Uncertainties should not all be zero error

I have a yaml file:

dependent_variables:
- header:
    name: N
  values:
    - errors:
    - label: Total
      symerror: 0.00
    value: 0.0
  - errors:
    - label: Total
      symerror: 0.012174
    value: 24.978
  - errors:
    - label: Total
      symerror: 0.00
    value: 0.0
 independent_variables:
- header:
    name: n
    units: n
  values:
  - high: 1.5
    low: 0.5
  - high: 2.5
    low: 1.5
  - high: 3.5
    low: 2.5

It is obvious that where the binconent is 0.0 the error is 0.0. However the yaml validation produces an error b"Uncertainties should not all be zero in {'errors': [{'label': 'Total', 'symerror': 0.0}], 'value': 0.0}"
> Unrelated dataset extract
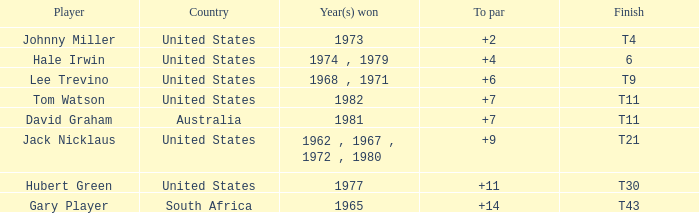WHAT IS THE TOTAL, OF A TO PAR FOR HUBERT GREEN, AND A TOTAL LARGER THAN 291? 0.0.

In order to escape this problem I twitch the yaml file

  dependent_variables:
    - header:
        name: N
      values:
        - errors:
        - label: Total
          symerror: 0.01
        value: 0.0
      - errors:
        - label: Total
          symerror: 0.012174
        value: 24.978
      - errors:
        - label: Total
          symerror: 0.01
        value: 0.0
     independent_variables:
    - header:
        name: n
        units: n
      values:
      - high: 1.5
        low: 0.5
      - high: 2.5
        low: 1.5
      - high: 3.5
        low: 2.5

Does not seem right

Thanks for the question. If the bin content is zero, you can miss out the errors completely, i.e.

dependent_variables:
- header:
    name: N
  values:
  - value: 0.0
  - errors:
    - label: Total
      symerror: 0.012174
    value: 24.978
  - value: 0.0

I’ll add an explanation to the submission docs.

How can I achieve this effect programmatically in hepdata_lib?
What I need to change in

data.add_uncertainty(unc)
table.add_variable(data)
submission.add_table(table)

I’ve added a new second paragraph to the Uncertainties section of the submission documentation. I don’t think it’s currently possible to omit the errors using hepdata_lib. I’ve opened a GitHub issue, but for now you might need to post-process the YAML files produced by hepdata_lib to remove the errors.

Alternatively, if the bin content is zero for the 0.5-1.5 and 2.5-3.5 bins of your example, couldn’t you just remove these rows completely from the HEPData table, i.e. only give results for the bin 1.5-2.5 with non-zero content?

The latest hepdata-lib v0.5.0 now automatically suppresses the errors key (with a warning message) if all uncertainties are zero for a particular bin.